ビートレスとは、長谷敏司氏による日本SF小説です。単行本は2012年10月10日発売。高度な人型のAIが多数出てくる世界観で、最近その設定されている概念が現実化されてきたと感じるニュースが多かったので、まとめてみました。AI時代の世界観、価値観の想像力を鍛えられる、大変刺激的で面白い作品なのでお勧めです。
長谷さんが設定された世界観の内容は、Analoghack Open Resourceとして公開されています。

<ストーリー>
22世紀初頭、社会のほとんどをhIEと呼ばれる人型ロボットに任せた世界。21世紀中ごろに超高度AIと呼ばれる汎用人工知能が完成し、人類知能を凌駕、人類はみずからよりはるかに高度な知性を持つ道具とともに生きていた。100年あまりで急激に進行した少子高齢化により労働力は大幅に減少したが、その穴をhIEが埋めることで社会は高度に自動化され、生活は21世紀初頭よりも豊かになっていた。
そんななか、hIEの行動管理クラウドのプラットフォーム企業「ミームフレーム社」の研究所から5体のレイシア級hIEが逃亡する。「モノ」が「ヒト」を超える知性を得たとき、「ヒト」が「モノ」を使うのか、「モノ」が「ヒト」を使うのかといったテーマと、「ヒト」と「モノ」のボーイ・ミーツ・ガールを描く。

wikipedia

「国際人工知性機構」(IAIA:The International Artificial Intelligence Agency)
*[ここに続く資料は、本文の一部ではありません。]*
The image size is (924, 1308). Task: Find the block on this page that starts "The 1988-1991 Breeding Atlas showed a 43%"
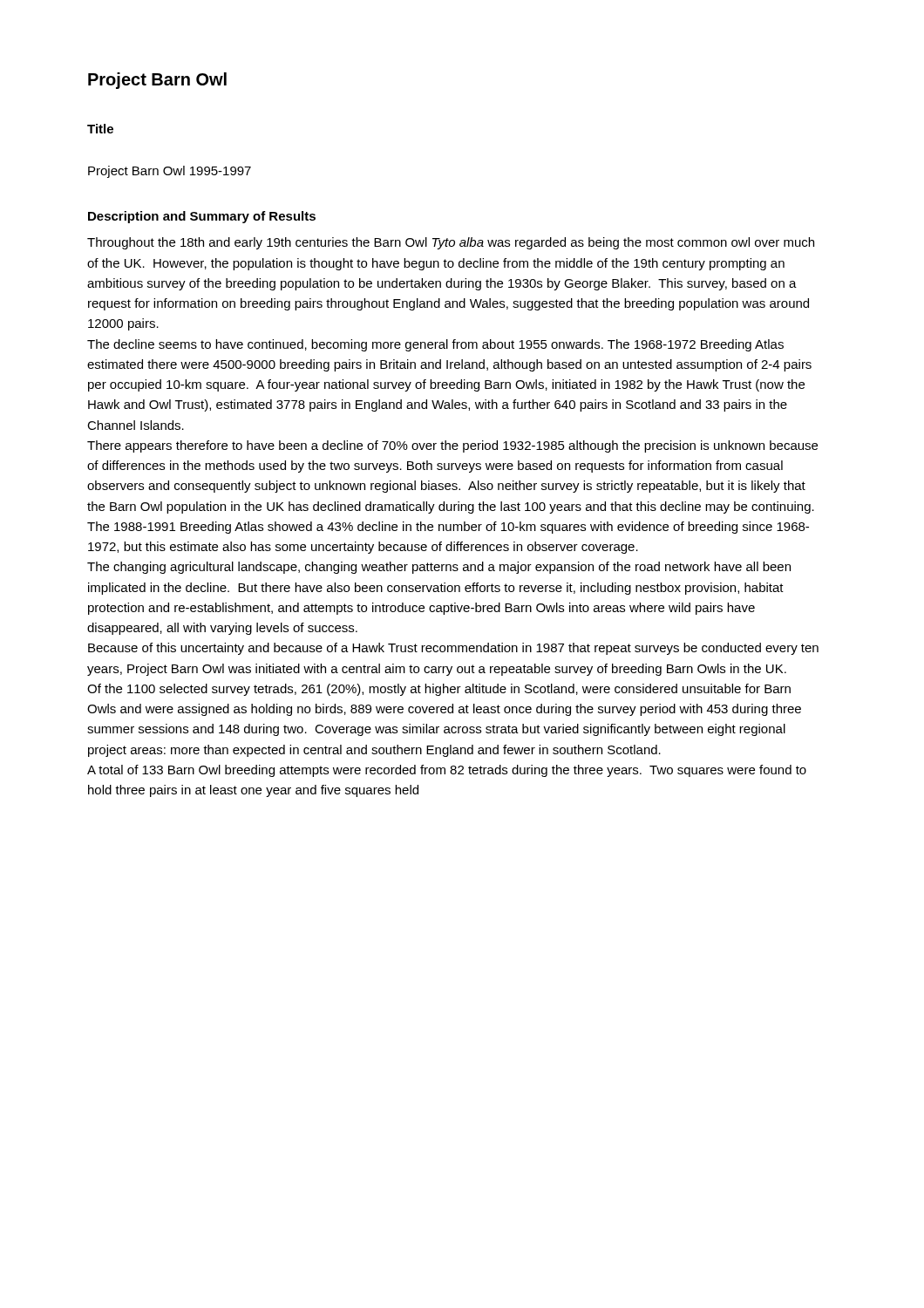point(453,536)

「国際人工知性機構」(IAIA:The International Artificial Intelligence Agency)は、アメリカのマサチューセッツに本拠を置く国際機関です。
 IAIAは、IAIA憲章に基づいて2054年に設立されました。
 超高度AIが人類の発展のために正常に管理されて運用されていることを監視することを、その設立目的としています。
 IAIA憲章に基づき、「超高度AIと人間社会の共存に関わる条約」を締結し、締結国同士の仲立ちを行い、必要な情報収集を独自に行うことを組織目的とします。条約については、正式名称ではありませんが「IAIA条約」で通ります。正式名称で呼ばれることが一般の場ではほとんどない条約名でもあります。
 IAIAは、人間に対しては独自の捜査権や逮捕権などを持つわけではありませんが、条約締結国の警察機関にそれを要求することができます。
 また、条約締結国において、超高度AIおよび高度AIに関わる調査を行う権利と、査察を要求する権利を持っています。
 超高度AI《アストライア》を運用しており、常に超高度AIの影響を監視し続けています。

Analoghack Open Resource

グテレス国連事務総長は12日、ニューヨークの国連本部で記者会見し、急速に進化する人工知能(AI)を管理するため、国際原子力機関(IAEA)に似た国際機関を設置するべきだとの意見に「賛同する」と述べた。

アナログハック

アナログハックとは、「人間のかたちをしたもの」に人間がさまざまな感情を持ってしまう性質を利用して、人間の意識に直接ハッキング(解析・改変)を仕掛けることです。 
 人間は、人間の〝かたち〟をしたものに反応する本能を持っています。たとえば〝笑顔〟を描いた絵や映像を見ることで幸福な気持ちになることができます。あるいは、警官の絵を描いただけの看板を見て、警戒心を呼び起こされて車のスピードをゆるめたりします。
 これは脳が持つ性質から、人間の意識が無意識にそう動くものです。
 ですが、この性質は、我々の感情や意識が、〝人間のかたち〟をつくことで接触可能な、悪用のおそれがあるセキュリティホールを持っているのだとも言えます。

Analoghack Open Resource

創設者で写真共有アプリSnapchat(スナップチャット)に180万人のフォロワーを持つ人気インフルエンサーのカリン・マージョリーのツイートによれば、利用者数は5月10日までに500%増加。23歳のマージョリーは、1分当たり1ドル(約136円)を支払ってでも彼女と仮想チャットを楽しみたい1000人以上のファンから、これまでに7万1610ドル(約970万円)超の収益を得たという。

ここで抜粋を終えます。